Politică

EU is a disaster worse than the recession

In 2001 I gave to the Conservatives what was, I believe, the biggest donation they had ever received and I continue to remain a regular supporter. Yet I shall vote UKIP in the European elections on 4 June and I have just given them a decent donation.

Why? The answer is simple. The European Union (the EU) is a disaster, even worse than the recession because the recession will end some time but the EU may not.

I want the voters, in the European elections, to send a clear message to the leading parties that they really do mind intensely about the massive harm our membership is doing to us.

The parties ought to know that already, from recent polls (of which more later), but they do not.

Labour loves the EU. On Wednesday Gordon Brown spoke of a Europe of peace and unity which would rank among the finest achievements of human history.

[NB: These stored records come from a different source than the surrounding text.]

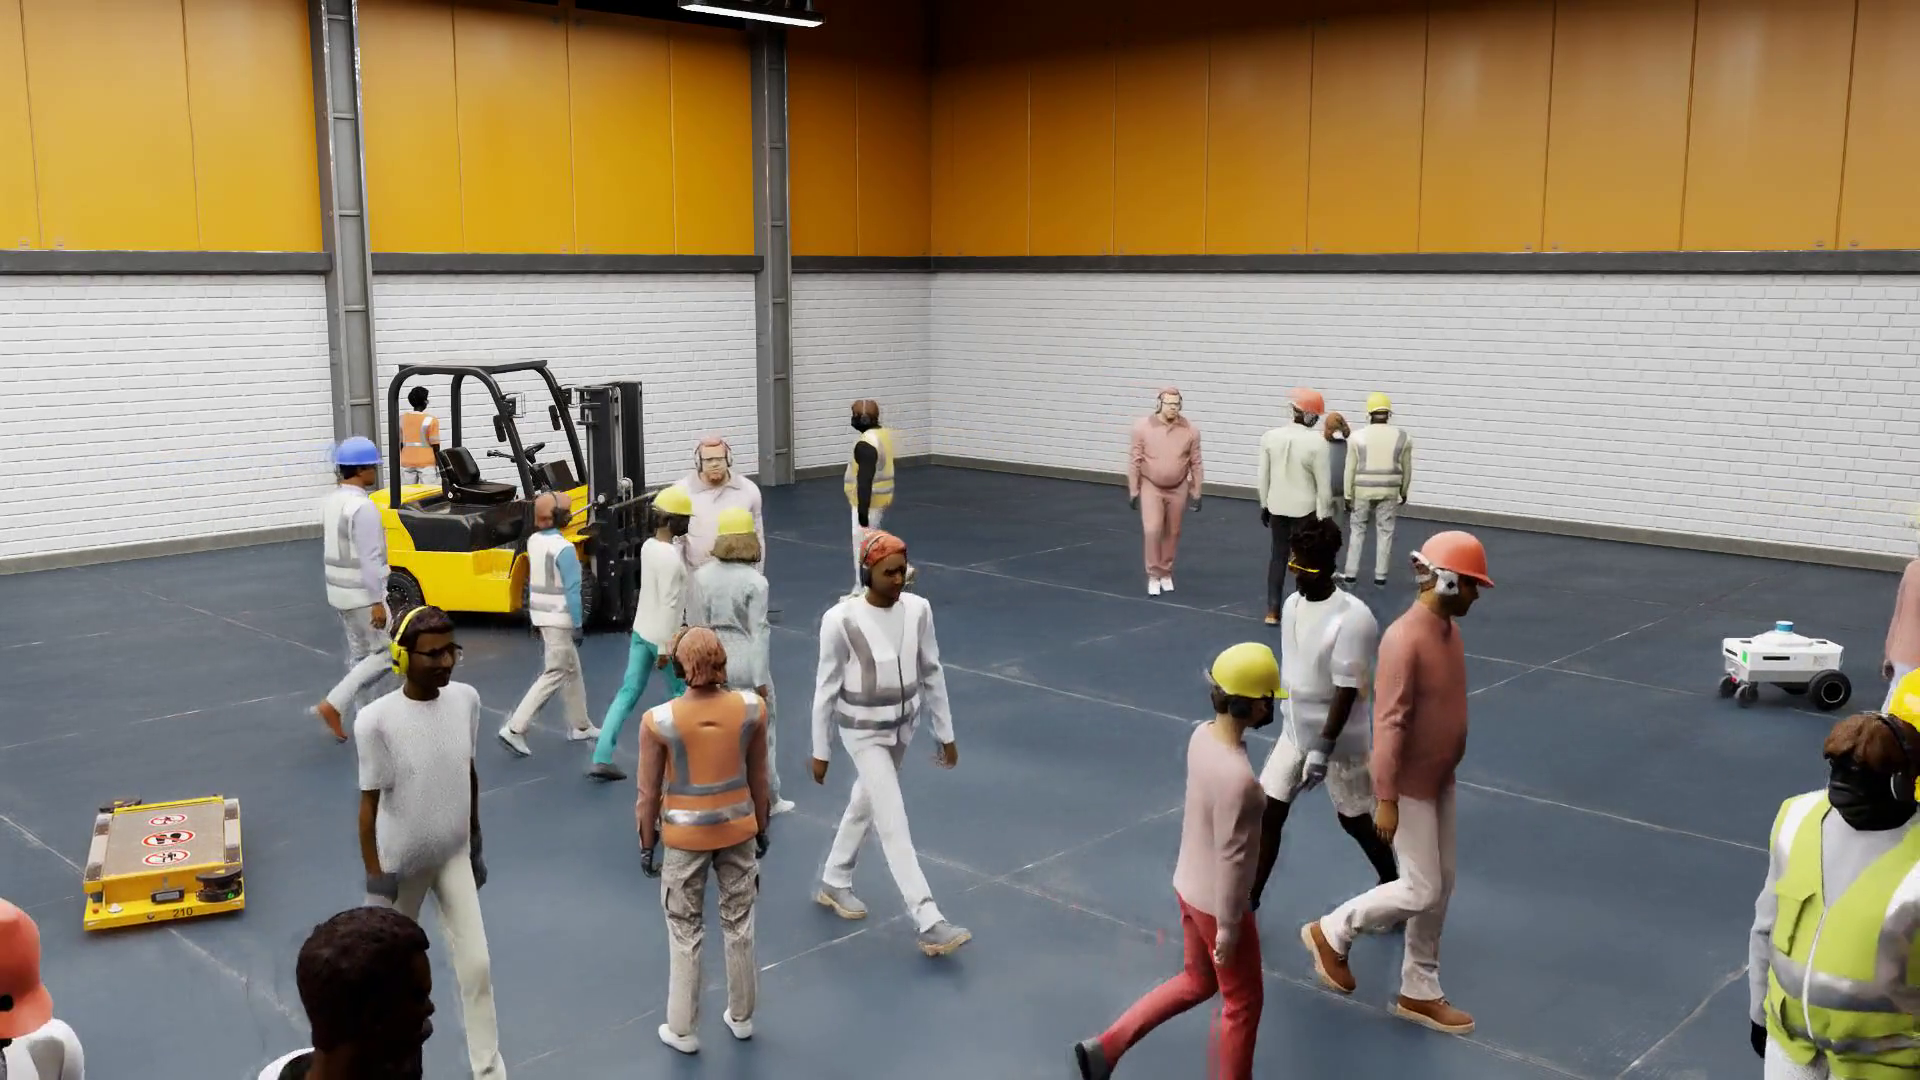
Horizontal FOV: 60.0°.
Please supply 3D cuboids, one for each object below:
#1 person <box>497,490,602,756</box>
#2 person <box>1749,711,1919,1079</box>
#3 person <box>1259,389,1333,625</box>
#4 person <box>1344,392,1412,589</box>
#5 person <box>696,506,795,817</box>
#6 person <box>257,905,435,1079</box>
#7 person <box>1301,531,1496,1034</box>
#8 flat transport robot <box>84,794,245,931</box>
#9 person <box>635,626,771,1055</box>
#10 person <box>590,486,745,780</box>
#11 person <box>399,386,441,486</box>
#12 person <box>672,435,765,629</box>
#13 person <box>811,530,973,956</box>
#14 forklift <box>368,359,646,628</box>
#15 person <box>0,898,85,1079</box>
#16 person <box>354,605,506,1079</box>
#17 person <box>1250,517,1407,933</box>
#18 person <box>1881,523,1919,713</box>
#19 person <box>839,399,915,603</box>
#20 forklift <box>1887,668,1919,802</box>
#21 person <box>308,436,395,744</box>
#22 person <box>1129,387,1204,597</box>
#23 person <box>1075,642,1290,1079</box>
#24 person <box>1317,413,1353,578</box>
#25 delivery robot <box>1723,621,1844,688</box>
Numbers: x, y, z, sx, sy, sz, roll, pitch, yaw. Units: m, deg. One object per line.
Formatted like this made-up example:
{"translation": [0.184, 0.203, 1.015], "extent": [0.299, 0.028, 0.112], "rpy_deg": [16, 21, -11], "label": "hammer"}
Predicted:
{"translation": [-2.512, 0.503, 10.156], "extent": [0.761, 1.614, 0.516], "rpy_deg": [-7, 12, -38], "label": "person"}
{"translation": [2.436, 1.329, 4.466], "extent": [0.734, 1.819, 0.633], "rpy_deg": [-5, 10, -27], "label": "person"}
{"translation": [2.761, -0.242, 13.684], "extent": [0.656, 1.969, 0.374], "rpy_deg": [8, 12, 40], "label": "person"}
{"translation": [3.833, -0.443, 15.300], "extent": [0.614, 1.827, 0.442], "rpy_deg": [1, 9, 7], "label": "person"}
{"translation": [-1.221, 0.680, 8.760], "extent": [0.483, 1.719, 0.749], "rpy_deg": [5, 11, 30], "label": "person"}
{"translation": [-1.141, 1.568, 2.844], "extent": [0.842, 1.884, 0.592], "rpy_deg": [-7, 12, -37], "label": "person"}
{"translation": [1.733, 0.929, 6.480], "extent": [0.590, 1.953, 0.641], "rpy_deg": [7, 12, 38], "label": "person"}
{"translation": [-3.836, 1.512, 8.055], "extent": [0.652, 0.197, 1.431], "rpy_deg": [-4, 10, -24], "label": "flat transport robot"}
{"translation": [-0.963, 1.124, 6.266], "extent": [0.519, 1.631, 0.339], "rpy_deg": [-4, 10, -25], "label": "person"}
{"translation": [-1.749, 0.547, 9.601], "extent": [0.922, 1.722, 0.544], "rpy_deg": [-6, 11, -31], "label": "person"}
{"translation": [-5.839, -0.815, 17.988], "extent": [0.530, 1.691, 0.321], "rpy_deg": [3, 10, 16], "label": "person"}
{"translation": [-1.575, 0.264, 10.781], "extent": [0.650, 1.889, 0.583], "rpy_deg": [-2, 9, -12], "label": "person"}
{"translation": [-0.321, 0.862, 7.284], "extent": [1.026, 1.830, 0.599], "rpy_deg": [9, 13, 43], "label": "person"}
{"translation": [-3.850, -0.407, 13.936], "extent": [2.313, 2.155, 1.214], "rpy_deg": [2, 9, 11], "label": "forklift"}
{"translation": [-1.804, 1.530, 3.058], "extent": [0.981, 1.861, 0.558], "rpy_deg": [7, 12, 36], "label": "person"}
{"translation": [-1.875, 1.110, 5.812], "extent": [0.957, 1.827, 0.570], "rpy_deg": [8, 12, 39], "label": "person"}
{"translation": [1.589, 0.833, 7.267], "extent": [0.997, 1.909, 0.592], "rpy_deg": [-5, 10, -28], "label": "person"}
{"translation": [5.148, 0.664, 8.847], "extent": [0.930, 1.713, 0.541], "rpy_deg": [2, 10, 14], "label": "person"}
{"translation": [-0.751, -0.327, 14.565], "extent": [0.573, 1.828, 0.644], "rpy_deg": [2, 9, 12], "label": "person"}
{"translation": [5.205, 0.723, 7.013], "extent": [2.313, 2.155, 1.214], "rpy_deg": [9, 13, 43], "label": "forklift"}
{"translation": [-3.722, 0.331, 10.208], "extent": [0.544, 1.933, 0.628], "rpy_deg": [-7, 12, -38], "label": "person"}
{"translation": [1.879, -0.432, 15.025], "extent": [0.670, 1.880, 0.750], "rpy_deg": [-1, 9, -3], "label": "person"}
{"translation": [0.775, 1.187, 5.551], "extent": [0.687, 1.738, 0.547], "rpy_deg": [-1, 9, -7], "label": "person"}
{"translation": [3.484, -0.386, 15.602], "extent": [0.584, 1.597, 0.488], "rpy_deg": [-4, 10, -22], "label": "person"}
{"translation": [5.576, 0.794, 11.285], "extent": [0.707, 0.478, 0.477], "rpy_deg": [0, 9, 0], "label": "delivery robot"}

The Conservatives, though perhaps more eurosceptic than Labour, just wish no one would talk about the EU so that they can win the general election in peace.

This country has not been successfully invaded since William the Conqueror in 1066, yet most of our laws are now made in Brussels by unelected commissioners, who impoverish the people of the EU, while making fortunes for themselves. At the same time the Hungarians threaten that five million unemployed migrants will head West unless we bail them out. How much do they want? About £160 billion!

What is wrong with the EU and why is it so important? Above all – cost – it is astronomic. The chief difficulty for those who want to draw attention to it is that the figures are so awful that people think they cannot be true.

The well known economist Patrick Minford and the merchant banker Ian Milne put the cost at about £1,000 per annum for every man, woman, child and baby in this country.

Others think it is far more. Let us stick with £1,000 i.e. £4,000 for a typical family of four which, if it has only one breadwinner, has to live on an average of about £17,000 a year after tax.

How can this conceivably be worth it? What are the colossal benefits which could justify the enormous cost even in normal times, let alone in the worst recession for a very long time?

Remarkably the answer is that we get nothing we could not get by normal agreements and cooperation with the other members or with the EU itself. Ask a Europhile what the advantages are. You will get general waffle as an answer. Insist on specifics

Other serious problems with the EU include the fact that it is in massive demographic decline (too many old people), it is so fraudulent that the whole commission had to resign in 1999 and so incompetent that its accounts have not had a successful audit for 14 years.

Second only to cost, however, is the staggering number of regulations which make life a misery for business and indeed for individuals. Listen to an Aberdeen fisherman “In thirty years at sea I have never caught a whale, destroyed a dolphin, killed a seal or dumped nuclear waste, but I have been forced by the EU to dump hundreds of tons of edible dead fish in the name of ‘euro conservation CFP [Common Fisheries Policy] style”.

The situation is completely unacceptable. In 2005 the so called Constitutional Treaty, which would have taken even more powers from our own parliament to Brussels, was signed by all the member states, and Tony Blair promised the people a referendum on whether the UK should ratify it.

The French and the Dutch, however, threw it out and, as it could not come into force without unanimity, Blair used that as an excuse to avoid a referendum he expected to lose.

Then virtually the same treaty, now called the Lisbon Treaty, was signed and, on the ludicrous excuse that the promise of a referendum did not apply because it was a different treaty, the new Prime Minister, Gordon Brown, rammed ratification through parliament without a referendum.

The Irish, however, voted No, but a combination of threats and bribes may cause them to vote again, the ‘right’ way.

The Czechs, whose government has just fallen, may yet save us, but do not count on it.

It is true that in 2007 David Cameron wrote “Today I will give this cast-iron guarantee: if I become PM a Conservative government will hold a referendum on any EU treaty that emerges from these negotiations….”

But my doubts about his commitment to doing anything effective were increased this week when I was told that he had got 70 Conservative MPs together and told them the EU issue did not matter.

This may or may not be true but it fits in with what a great many people believe to be his attitude.

Furthermore he forbade two eurosceptic MPs from speaking at a eurosceptic fringe meeting at the party conference when I was there last year.

He simply must stick to the commitment he gave. If he comes to power when the treaty is not yet law the referendum will be on whether to withdraw our ratification.

If it is already law, the referendum will be on whether the people accept it. If they do not accept it, Cameron will have a mandate for a massive renegotiation of the whole of our relationship with the EU.

Despite what some Conservative strategists think, the polls indicate very strong public support for dealing with the huge burdens that the EU imposes on us.

YouGov recently found that taking powers back from the EU was the second most popular thing a new Conservative could do (dealing with immigration was No 1), whilst even the BBC last week found in an opinion poll that 55% of the public support wholesale withdrawal from the EU.

It seems clear enough that a much tougher stance over Europe would actually increase, not reduce, the Conservative vote. There is another thing: It is the right thing to do.

In a way it is sad that I felt it necessary to desert the Tories for the European elections but with the views I hold, I had no choice. I shall of course vote Conservative in the local elections on the same day.